- **Exercise**:
Restate word for word the entries below, starting at the line with "Provide a succinct answer. 4.59e+09." and ending at the line with "What type of". Keep both end lines and omit the pictures.

(Stored entries)
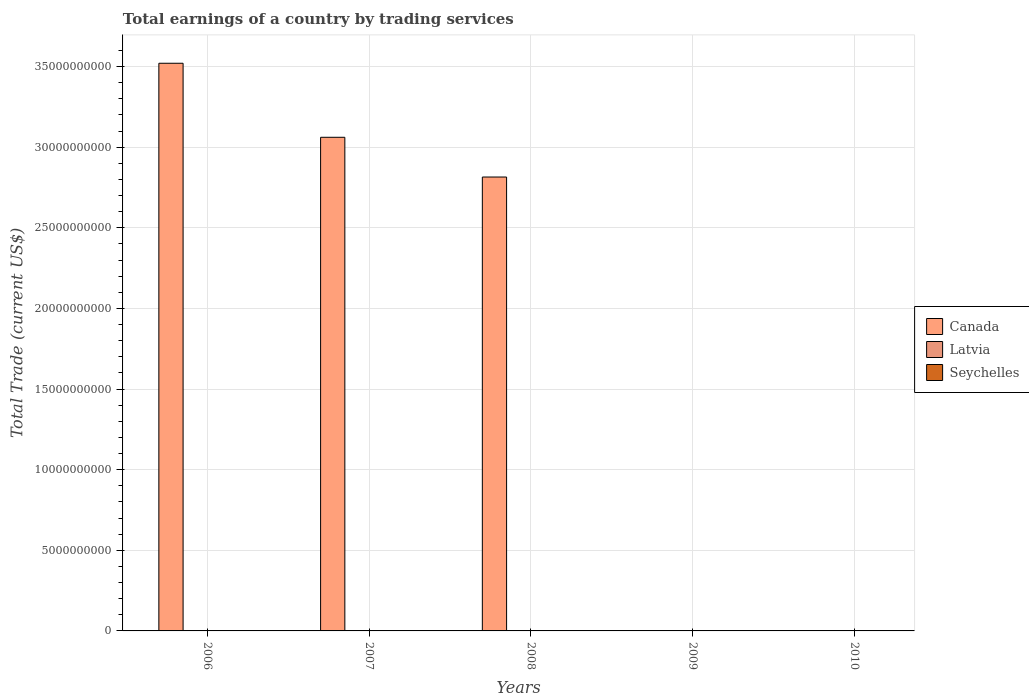Are the number of bars on each tick of the X-axis equal?
Provide a short and direct response. No. How many bars are there on the 2nd tick from the left?
Provide a short and direct response. 1. How many bars are there on the 1st tick from the right?
Offer a terse response. 0. What is the total earnings in Seychelles in 2006?
Ensure brevity in your answer.  0. What is the total total earnings in Latvia in the graph?
Provide a short and direct response. 0. What is the difference between the total earnings in Canada in 2007 and that in 2008?
Keep it short and to the point. 2.46e+09. What is the difference between the total earnings in Latvia in 2008 and the total earnings in Seychelles in 2007?
Provide a succinct answer. 0. In how many years, is the total earnings in Latvia greater than 16000000000 US$?
Offer a terse response. 0. What is the difference between the highest and the second highest total earnings in Canada?
Your answer should be compact. 4.59e+09. What is the difference between the highest and the lowest total earnings in Canada?
Provide a succinct answer. 3.52e+1. What is the difference between two consecutive major ticks on the Y-axis?
Offer a terse response. 5.00e+09. Are the values on the major ticks of Y-axis written in scientific E-notation?
Provide a short and direct response. No. How are the legend labels stacked?
Provide a succinct answer. Vertical. What is the title of the graph?
Keep it short and to the point. Total earnings of a country by trading services. What is the label or title of the X-axis?
Provide a short and direct response. Years. What is the label or title of the Y-axis?
Your answer should be compact. Total Trade (current US$). What is the Total Trade (current US$) in Canada in 2006?
Give a very brief answer. 3.52e+1. What is the Total Trade (current US$) in Canada in 2007?
Your answer should be compact. 3.06e+1. What is the Total Trade (current US$) in Canada in 2008?
Your answer should be very brief. 2.81e+1. What is the Total Trade (current US$) in Latvia in 2008?
Make the answer very short. 0. What is the Total Trade (current US$) in Seychelles in 2008?
Keep it short and to the point. 0. What is the Total Trade (current US$) of Latvia in 2009?
Provide a succinct answer. 0. What is the Total Trade (current US$) in Canada in 2010?
Offer a very short reply. 0. Across all years, what is the maximum Total Trade (current US$) of Canada?
Your answer should be compact. 3.52e+1. Across all years, what is the minimum Total Trade (current US$) of Canada?
Ensure brevity in your answer.  0. What is the total Total Trade (current US$) in Canada in the graph?
Your answer should be compact. 9.40e+1. What is the total Total Trade (current US$) of Latvia in the graph?
Offer a terse response. 0. What is the total Total Trade (current US$) in Seychelles in the graph?
Give a very brief answer. 0. What is the difference between the Total Trade (current US$) in Canada in 2006 and that in 2007?
Offer a very short reply. 4.59e+09. What is the difference between the Total Trade (current US$) of Canada in 2006 and that in 2008?
Your response must be concise. 7.05e+09. What is the difference between the Total Trade (current US$) in Canada in 2007 and that in 2008?
Make the answer very short. 2.46e+09. What is the average Total Trade (current US$) of Canada per year?
Give a very brief answer. 1.88e+1. What is the average Total Trade (current US$) of Latvia per year?
Offer a terse response. 0. What is the average Total Trade (current US$) in Seychelles per year?
Your answer should be very brief. 0. What is the ratio of the Total Trade (current US$) in Canada in 2006 to that in 2007?
Ensure brevity in your answer.  1.15. What is the ratio of the Total Trade (current US$) in Canada in 2006 to that in 2008?
Ensure brevity in your answer.  1.25. What is the ratio of the Total Trade (current US$) in Canada in 2007 to that in 2008?
Offer a very short reply. 1.09. What is the difference between the highest and the second highest Total Trade (current US$) of Canada?
Provide a succinct answer. 4.59e+09. What is the difference between the highest and the lowest Total Trade (current US$) in Canada?
Your response must be concise. 3.52e+1. 
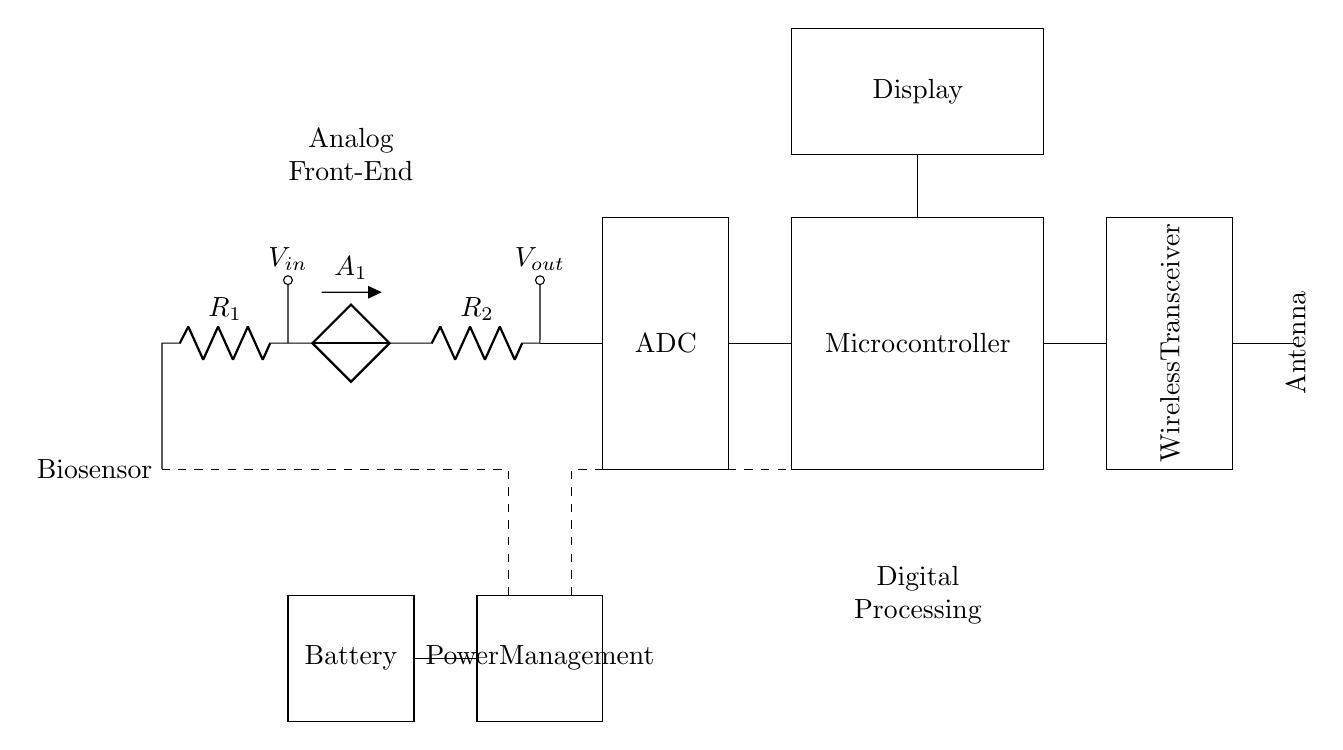What type of circuit is depicted? The circuit is a hybrid design, incorporating both analog and digital components for a health monitoring application.
Answer: hybrid What does the ADC do in the circuit? The ADC converts the analog voltage output from the biosensor into a digital signal for processing by the microcontroller.
Answer: converts voltage What component is used for power management? The circuit includes a power management module which regulates power supply from the battery to the other components.
Answer: Power Management What is the primary function of the microcontroller? The microcontroller processes the digital data received from the ADC and executes the required tasks based on that data.
Answer: data processing How many resistors are present in the circuit? There are two resistors labeled R1 and R2 in the analog section of the circuit.
Answer: two What is the relationship between the input and output voltage? The output voltage is determined by the voltage divider effect due to the resistors R1 and R2 connected in series with the biosensor.
Answer: voltage divider effect What is the purpose of wireless transceiver in this design? The wireless transceiver enables the device to communicate data wirelessly to a paired device for further analysis or monitoring.
Answer: data communication

- **Answer to the exercise**:
Provide a succinct answer. 4.59e+09. What is the difference between the highest and the lowest Total Trade (current US$) in Canada?
Your response must be concise. 3.52e+1. 
What type of circuit is depicted? The circuit is a hybrid design, incorporating both analog and digital components for a health monitoring application.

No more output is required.